REGARDING: Assumptions for Baltimore Transportation Conformity Analysis

Dear Ms. Aris and Mr. Forrest:

Thank you for conducting a briefing on Baltimore's transportation and air quality, held on August 16, 1999. We are writing to follow up comments and observations made at that meeting. The Interagency Consultation Group is meeting on August 19th to discuss the planning assumptions to be used as inputs for the TSC's transportation conformity analysis. The Transportation Steering Committee is meeting on August 24th and will also consider this seemingly technical issue, which will have great practical consequence for the health of Maryland's residents and communities.
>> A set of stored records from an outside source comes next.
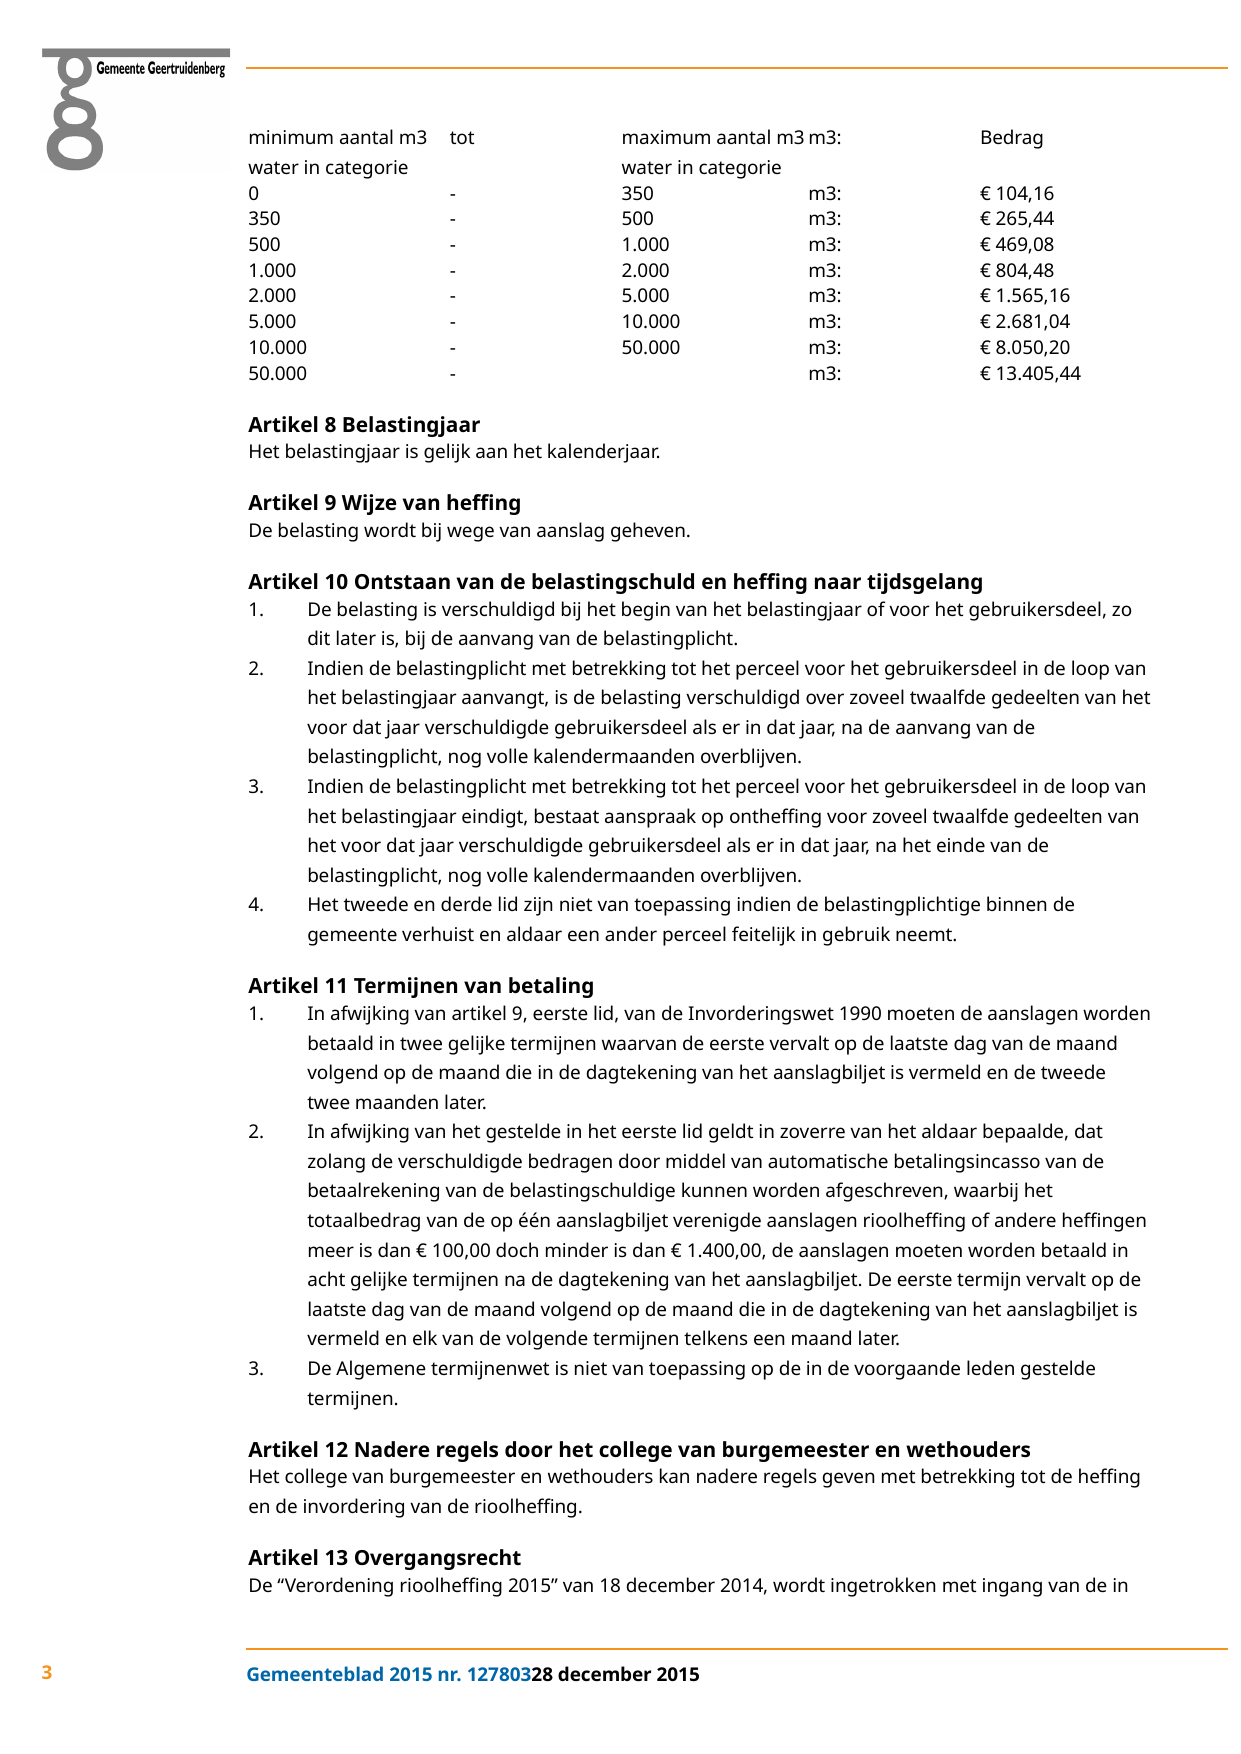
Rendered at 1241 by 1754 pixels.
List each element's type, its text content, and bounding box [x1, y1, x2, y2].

table_header tot [450, 125, 621, 180]
table_cell - [450, 180, 621, 206]
table_cell m3: [808, 257, 980, 283]
text Artikel 8 Belastingjaar [248, 410, 1152, 438]
text De “Verordening rioolheffing 2015” van 18 december 2014, wordt ingetrokken met ingang van de in [248, 1572, 1152, 1598]
table_cell € 2.681,04 [980, 309, 1152, 334]
table_cell - [450, 334, 621, 360]
table_cell 5.000 [248, 309, 449, 334]
table_cell € 13.405,44 [980, 360, 1152, 386]
table_cell - [450, 206, 621, 231]
table_cell 10.000 [621, 309, 808, 334]
table_header m3: [808, 125, 980, 180]
list De belasting is verschuldigd bij het begin van het belastingjaar of voor het gebruikersdeel, zo dit later is, bij de aanvang van de belastingplicht. [248, 596, 1152, 651]
table_cell 500 [248, 231, 449, 257]
table_cell 10.000 [248, 334, 449, 360]
table_cell € 1.565,16 [980, 283, 1152, 308]
text Het college van burgemeester en wethouders kan nadere regels geven met betrekking tot de heffing en de invordering van de rioolheffing. [248, 1463, 1152, 1519]
table_cell - [450, 257, 621, 283]
table_cell - [450, 360, 621, 386]
table_cell 50.000 [621, 334, 808, 360]
list Indien de belastingplicht met betrekking tot het perceel voor het gebruikersdeel in de loop van het belastingjaar aanvangt, is de belasting verschuldigd over zoveel twaalfde gedeelten van het voor dat jaar verschuldigde gebruikersdeel als er in dat jaar, na de aanvang van de belastingplicht, nog volle kalendermaanden overblijven. [248, 655, 1152, 769]
table_cell 500 [621, 206, 808, 231]
table_cell - [450, 309, 621, 334]
text Artikel 11 Termijnen van betaling [248, 972, 1152, 1000]
table_cell 350 [621, 180, 808, 206]
list In afwijking van het gestelde in het eerste lid geldt in zoverre van het aldaar bepaalde, dat zolang de verschuldigde bedragen door middel van automatische betalingsincasso van de betaalrekening van de belastingschuldige kunnen worden afgeschreven, waarbij het totaalbedrag van de op één aanslagbiljet verenigde aanslagen rioolheffing of andere heffingen meer is dan € 100,00 doch minder is dan € 1.400,00, de aanslagen moeten worden betaald in acht gelijke termijnen na de dagtekening van het aanslagbiljet. De eerste termijn vervalt op de laatste dag van de maand volgend op de maand die in de dagtekening van het aanslagbiljet is vermeld en elk van de volgende termijnen telkens een maand later. [248, 1118, 1152, 1351]
text Artikel 9 Wijze van heffing [248, 488, 1152, 517]
table_cell € 265,44 [980, 206, 1152, 231]
list Het tweede en derde lid zijn niet van toepassing indien de belastingplichtige binnen de gemeente verhuist en aldaar een ander perceel feitelijk in gebruik neemt. [248, 892, 1152, 947]
table_cell m3: [808, 180, 980, 206]
table_cell m3: [808, 231, 980, 257]
text Artikel 12 Nadere regels door het college van burgemeester en wethouders [248, 1435, 1152, 1463]
table_cell € 104,16 [980, 180, 1152, 206]
list In afwijking van artikel 9, eerste lid, van de Invorderingswet 1990 moeten de aanslagen worden betaald in twee gelijke termijnen waarvan de eerste vervalt op de laatste dag van de maand volgend op de maand die in de dagtekening van het aanslagbiljet is vermeld en de tweede twee maanden later. [248, 1000, 1152, 1114]
table_cell m3: [808, 283, 980, 308]
list Indien de belastingplicht met betrekking tot het perceel voor het gebruikersdeel in de loop van het belastingjaar eindigt, bestaat aanspraak op ontheffing voor zoveel twaalfde gedeelten van het voor dat jaar verschuldigde gebruikersdeel als er in dat jaar, na het einde van de belastingplicht, nog volle kalendermaanden overblijven. [248, 773, 1152, 888]
table_cell - [450, 283, 621, 308]
table_cell [621, 360, 808, 386]
list De Algemene termijnenwet is niet van toepassing op de in de voorgaande leden gestelde termijnen. [248, 1355, 1152, 1410]
table_cell 50.000 [248, 360, 449, 386]
table_cell 1.000 [248, 257, 449, 283]
table_header maximum aantal m3 water in categorie [621, 125, 808, 180]
picture [41, 47, 231, 172]
table_cell € 8.050,20 [980, 334, 1152, 360]
text De belasting wordt bij wege van aanslag geheven. [248, 517, 1152, 543]
table_cell 2.000 [248, 283, 449, 308]
table_header minimum aantal m3 water in categorie [248, 125, 449, 180]
table_cell 5.000 [621, 283, 808, 308]
text Artikel 10 Ontstaan van de belastingschuld en heffing naar tijdsgelang [248, 567, 1152, 596]
table_cell 350 [248, 206, 449, 231]
table_cell - [450, 231, 621, 257]
table_cell m3: [808, 360, 980, 386]
table_cell € 469,08 [980, 231, 1152, 257]
table_cell m3: [808, 309, 980, 334]
table_cell m3: [808, 334, 980, 360]
table_cell m3: [808, 206, 980, 231]
table_header Bedrag [980, 125, 1152, 180]
text Artikel 13 Overgangsrecht [248, 1543, 1152, 1572]
table_cell € 804,48 [980, 257, 1152, 283]
table_cell 0 [248, 180, 449, 206]
text Het belastingjaar is gelijk aan het kalenderjaar. [248, 438, 1152, 464]
table_cell 2.000 [621, 257, 808, 283]
table_cell 1.000 [621, 231, 808, 257]

We urge your groups to approve the use of updated 1996 Maryland motor vehicle registration data for conformity analysis and to provide more documentation to the public on proposed changes to the transportation model assumptions and methods.

The draft analysis by the Maryland Department of the Environment (MDE) and the Baltimore regional Transportation Steering Committee (TSC) released on August 19th shows that air pollution coming from cars and trucks in metropolitan Baltimore is about 15 percent greater than previously estimated for all years evaluated. This change results from updating the information about the characteristics of the motor vehicle fleet in the Baltimore region, using more recent 1996 registration data, rather than obsolete 1990 data. This increased pollution is due to greater use of sport utility vehicles today than in 1990 and the fact that consumers continue to use older, more polluting cars and trucks for more years than previously assumed. These added emissions are a major contributor to the ozone smog pollution that exacerbates health problems and death rates for those with respiratory diseases such as asthma.

Ground-level ozone in Maryland has reached dangerous levels on at least eight days this summer, harming the health and threatening the lives of many Maryland residents. The Maryland Phase II State Implementation Plan (SIP) for air quality sets limits on how many tons per day of the pollutants that form this ozone smog -- Nitrogen Oxides and Volatile Organic Compounds -- can be allowed without harming public health. The new MDE/TSC study shows that the region's transportation plan significantly violates these emission limits. This provides important new evidence that local, regional, and state agencies should immediately step up efforts to reduce traffic growth and air pollution.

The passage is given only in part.